II. Sales and Use Tax – Imposition – Lump Sum Contracts.
DISCUSSION
The Department's audit assessed use tax on several transactions on which Taxpayer did not pay sales tax at the time of the retail transactions. Taxpayer maintains that it engaged several contractors, on a lump sum basis, to perform work which Taxpayer considered improvements to realty. Thus, Taxpayer asserts that it was not responsible for sales/use tax on these lump sum contracts. Alternatively, Taxpayer claims that some of the transactions were "time and materials" contracts, and that it has obtained separate charges for materials and labor concerning those "time and materials" contracts. Taxpayer, thus, argues that the Department's audit erroneously assessed the use tax on the total charge of the transactions because it is only responsible for the tax on the materials and not the labor charge.
The Department notes that the burden of proving a proposed assessment wrong rests with the person against whom the proposed assessment is made, as provided by IC § 6-8.1-5-1(c).

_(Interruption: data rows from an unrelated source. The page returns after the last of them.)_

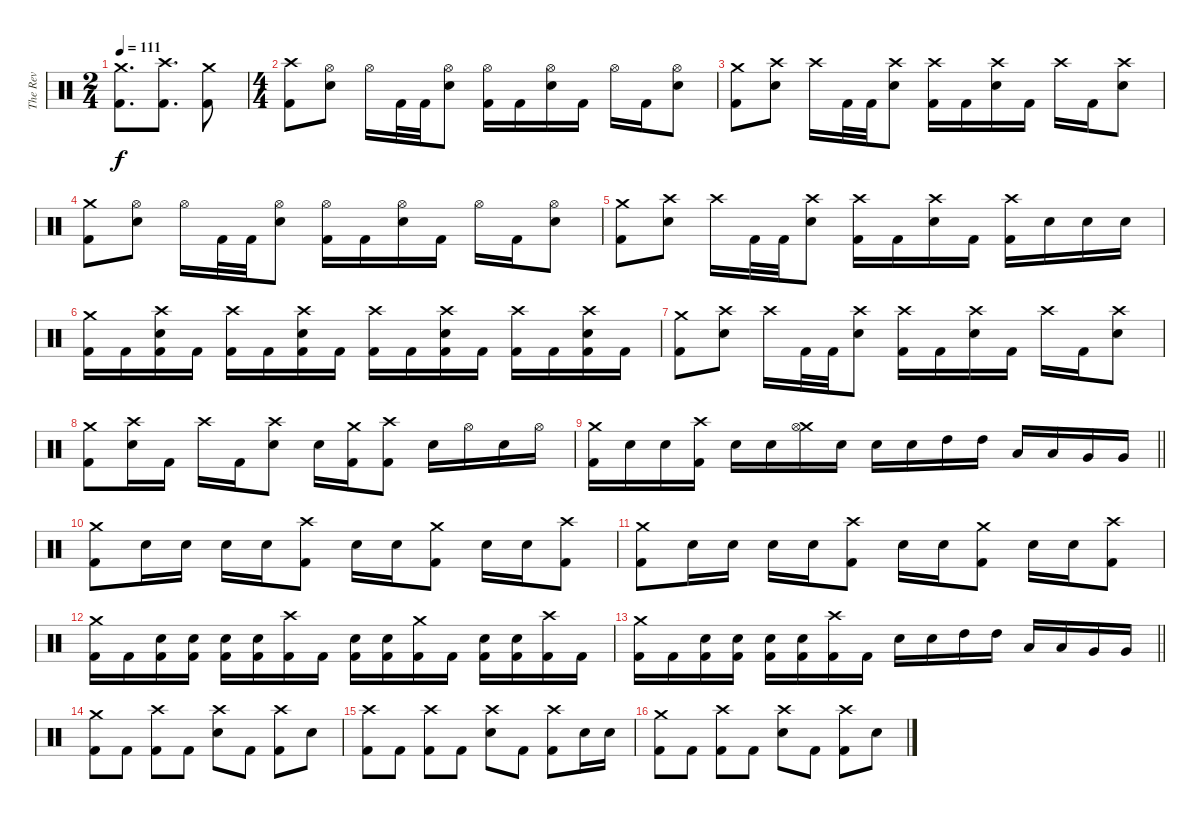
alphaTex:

\track ("The Rev" "The Rev") {instrument percussion}
\staff {score}
\articulation defaults
\ts (2 4)
\tempo 111
\clef neutral
\ks c
("Crash medium (hit)" "Kick (hit) 2").8{d dy f} ("Crash high (hit)" "Kick (hit) 2").8{d} ("Crash medium (hit)" "Kick (hit) 2").8 |
\ts (4 4)
("Crash high (hit)" "Kick (hit) 2").8 ("Hi-Hat (open)" "Snare (hit) 2").8 "Hi-Hat (open)".16 "Kick (hit) 2".32 "Kick (hit) 2".32 ("Hi-Hat (open)" "Snare (hit) 2").8 ("Hi-Hat (open)" "Kick (hit) 2").16 "Kick (hit) 2".16 ("Hi-Hat (open)" "Snare (hit) 2").16 "Kick (hit) 2".16 "Hi-Hat (open)".16 "Kick (hit) 2".16 ("Hi-Hat (open)" "Snare (hit) 2").8 |
("Crash medium (hit)" "Kick (hit) 2").8 ("Crash high (hit)" "Snare (hit) 2").8 "Crash high (hit)".16 "Kick (hit) 2".32 "Kick (hit) 2".32 ("Crash high (hit)" "Snare (hit) 2").8 ("Crash high (hit)" "Kick (hit) 2").16 "Kick (hit) 2".16 ("Crash high (hit)" "Snare (hit) 2").16 "Kick (hit) 2".16 "Crash high (hit)".16 "Kick (hit) 2".16 ("Crash high (hit)" "Snare (hit) 2").8 |
("Crash medium (hit)" "Kick (hit) 2").8 ("Hi-Hat (open)" "Snare (hit) 2").8 "Hi-Hat (open)".16 "Kick (hit) 2".32 "Kick (hit) 2".32 ("Hi-Hat (open)" "Snare (hit) 2").8 ("Hi-Hat (open)" "Kick (hit) 2").16 "Kick (hit) 2".16 ("Hi-Hat (open)" "Snare (hit) 2").16 "Kick (hit) 2".16 "Hi-Hat (open)".16 "Kick (hit) 2".16 ("Hi-Hat (open)" "Snare (hit) 2").8 |
("Crash medium (hit)" "Kick (hit) 2").8 ("Crash high (hit)" "Snare (hit) 2").8 "Crash high (hit)".16 "Kick (hit) 2".32 "Kick (hit) 2".32 ("Crash high (hit)" "Snare (hit) 2").8 ("Crash high (hit)" "Kick (hit) 2").16 "Kick (hit) 2".16 ("Crash high (hit)" "Snare (hit) 2").16 "Kick (hit) 2".16 ("Crash high (hit)" "Kick (hit) 2").16 "Snare (hit) 2".16 "Snare (hit) 2".16 "Snare (hit) 2".16 |
("Crash medium (hit)" "Kick (hit) 2").16 "Kick (hit) 2".16 ("Crash high (hit)" "Snare (hit) 2" "Kick (hit) 2").16 "Kick (hit) 2".16 ("Crash high (hit)" "Kick (hit) 2").16 "Kick (hit) 2".16 ("Crash high (hit)" "Snare (hit) 2" "Kick (hit) 2").16 "Kick (hit) 2".16 ("Crash high (hit)" "Kick (hit) 2").16 "Kick (hit) 2".16 ("Crash high (hit)" "Snare (hit) 2" "Kick (hit) 2").16 "Kick (hit) 2".16 ("Crash high (hit)" "Kick (hit) 2").16 "Kick (hit) 2".16 ("Crash high (hit)" "Snare (hit) 2" "Kick (hit) 2").16 "Kick (hit) 2".16 |
("Crash medium (hit)" "Kick (hit) 2").8 ("Crash high (hit)" "Snare (hit) 2").8 "Crash high (hit)".16 "Kick (hit) 2".32 "Kick (hit) 2".32 ("Crash high (hit)" "Snare (hit) 2").8 ("Crash high (hit)" "Kick (hit) 2").16 "Kick (hit) 2".16 ("Crash high (hit)" "Snare (hit) 2").16 "Kick (hit) 2".16 "Crash high (hit)".16 "Kick (hit) 2".16 ("Crash high (hit)" "Snare (hit) 2").8 |
("Crash medium (hit)" "Kick (hit) 2").8 ("Crash high (hit)" "Snare (hit) 2").16 "Kick (hit) 2".16 "Crash high (hit)".16 "Kick (hit) 2".16 ("Crash high (hit)" "Snare (hit) 2").8 "Snare (hit) 2".16 ("Crash medium (hit)" "Kick (hit) 2").16 ("Crash high (hit)" "Kick (hit) 2").8 "Snare (hit) 2".16 "Hi-Hat (open)".16 "Snare (hit) 2".16 "Hi-Hat (open)".16 |
\barLineRight lightlight
("Crash medium (hit)" "Kick (hit) 2").16 "Snare (hit) 2".16 "Snare (hit) 2".16 ("Crash high (hit)" "Kick (hit) 2").16 "Snare (hit) 2".16 "Snare (hit) 2".16 ("Crash medium (hit)" "Hi-Hat (open)").16 "Snare (hit) 2".16 "Snare (hit) 2".16 "Snare (hit) 2".16 "High Tom (hit)".16 "High Tom (hit)".16 "Low Tom (hit)".16 "Low Tom (hit)".16 "Very Low Tom (hit)".16 "Very Low Tom (hit)".16 |
("Crash medium (hit)" "Kick (hit) 2").8 "Snare (hit) 2".16 "Snare (hit) 2".16 "Snare (hit) 2".16 "Snare (hit) 2".16 ("Crash high (hit)" "Kick (hit) 2").8 "Snare (hit) 2".16 "Snare (hit) 2".16 ("Crash medium (hit)" "Kick (hit) 2").8 "Snare (hit) 2".16 "Snare (hit) 2".16 ("Crash high (hit)" "Kick (hit) 2").8 |
("Crash medium (hit)" "Kick (hit) 2").8 "Snare (hit) 2".16 "Snare (hit) 2".16 "Snare (hit) 2".16 "Snare (hit) 2".16 ("Crash high (hit)" "Kick (hit) 2").8 "Snare (hit) 2".16 "Snare (hit) 2".16 ("Crash medium (hit)" "Kick (hit) 2").8 "Snare (hit) 2".16 "Snare (hit) 2".16 ("Crash high (hit)" "Kick (hit) 2").8 |
("Crash medium (hit)" "Kick (hit) 2").16 "Kick (hit) 2".16 ("Snare (hit) 2" "Kick (hit) 2").16 ("Snare (hit) 2" "Kick (hit) 2").16 ("Snare (hit) 2" "Kick (hit) 2").16 ("Snare (hit) 2" "Kick (hit) 2").16 ("Crash high (hit)" "Kick (hit) 2").16 "Kick (hit) 2".16 ("Snare (hit) 2" "Kick (hit) 2").16 ("Snare (hit) 2" "Kick (hit) 2").16 ("Crash medium (hit)" "Kick (hit) 2").16 "Kick (hit) 2".16 ("Snare (hit) 2" "Kick (hit) 2").16 ("Snare (hit) 2" "Kick (hit) 2").16 ("Crash high (hit)" "Kick (hit) 2").16 "Kick (hit) 2".16 |
\barLineRight lightlight
("Crash medium (hit)" "Kick (hit) 2").16 "Kick (hit) 2".16 ("Snare (hit) 2" "Kick (hit) 2").16 ("Snare (hit) 2" "Kick (hit) 2").16 ("Snare (hit) 2" "Kick (hit) 2").16 ("Snare (hit) 2" "Kick (hit) 2").16 ("Crash high (hit)" "Kick (hit) 2").16 "Kick (hit) 2".16 "Snare (hit) 2".16 "Snare (hit) 2".16 "High Tom (hit)".16 "High Tom (hit)".16 "Low Tom (hit)".16 "Low Tom (hit)".16 "Very Low Tom (hit)".16 "Very Low Tom (hit)".16 |
("Crash medium (hit)" "Kick (hit) 2").8 "Kick (hit) 2".8 ("Crash high (hit)" "Kick (hit) 2").8 "Kick (hit) 2".8 ("Crash high (hit)" "Snare (hit) 2").8 "Kick (hit) 2".8 ("Crash high (hit)" "Kick (hit) 2").8 "Snare (hit) 2".8 |
("Crash high (hit)" "Kick (hit) 2").8 "Kick (hit) 2".8 ("Crash high (hit)" "Kick (hit) 2").8 "Kick (hit) 2".8 ("Crash high (hit)" "Snare (hit) 2").8 "Kick (hit) 2".8 ("Crash high (hit)" "Kick (hit) 2").8 "Snare (hit) 2".16 "Snare (hit) 2".16 |
("Crash medium (hit)" "Kick (hit) 2").8 "Kick (hit) 2".8 ("Crash high (hit)" "Kick (hit) 2").8 "Kick (hit) 2".8 ("Crash high (hit)" "Snare (hit) 2").8 "Kick (hit) 2".8 ("Crash high (hit)" "Kick (hit) 2").8 "Snare (hit) 2".8

The use tax is imposed under IC § 6-2.5-3-2(a), which states:
An excise tax, known as the use tax, is imposed on the storage, use, or consumption of tangible personal property in Indiana if the property was acquired in a retail transaction, regardless of the location of that transaction or of the retail merchant making that transaction.
45 IAC 2.2-3-4 provides:
Tangible personal property, purchased in Indiana, or elsewhere in a retail transaction, and stored, used, or otherwise consumed in Indiana is subject to Indiana use tax for such property, unless the Indiana state gross retail tax has been collected at the point of purchase.
IC § 6-2.5-4-1, in relevant part, states:
A person is a retail merchant making a retail transaction when he engages in selling at retail.
(b) A person is engaged in selling at retail when, in the ordinary course of his regularly conducted trade or business, he:
(1) acquires tangible personal property for the purpose of resale; and
(2) transfers that property to another person for consideration.
(c) For purposes of determining what constitutes selling at retail, it does not matter whether:
(1) the property is transferred in the same form as when it was acquired;
(2) the property is transferred alone or in conjunction with other property or services; or
(3) the property is transferred conditionally or otherwise. (Emphasis added).
45 IAC 2.2-4-1 explains:
(a) Where ownership of tangible personal property is transferred for a consideration, it will be considered a transaction of a retail merchant constituting selling at retail unless the seller is not acting as a "retail merchant".
(b) All elements of consideration are included in gross retail income subject to tax. Elements of consideration include, but are not limited to:
(1) The price arrived at between purchaser and seller.
(2) Any additional bona fide charges added to or included in such price for preparation, fabrication, alteration, modification, finishing, completion, delivery, or other services performed in respect to or labor charges for work done with respect to such property prior to transfer.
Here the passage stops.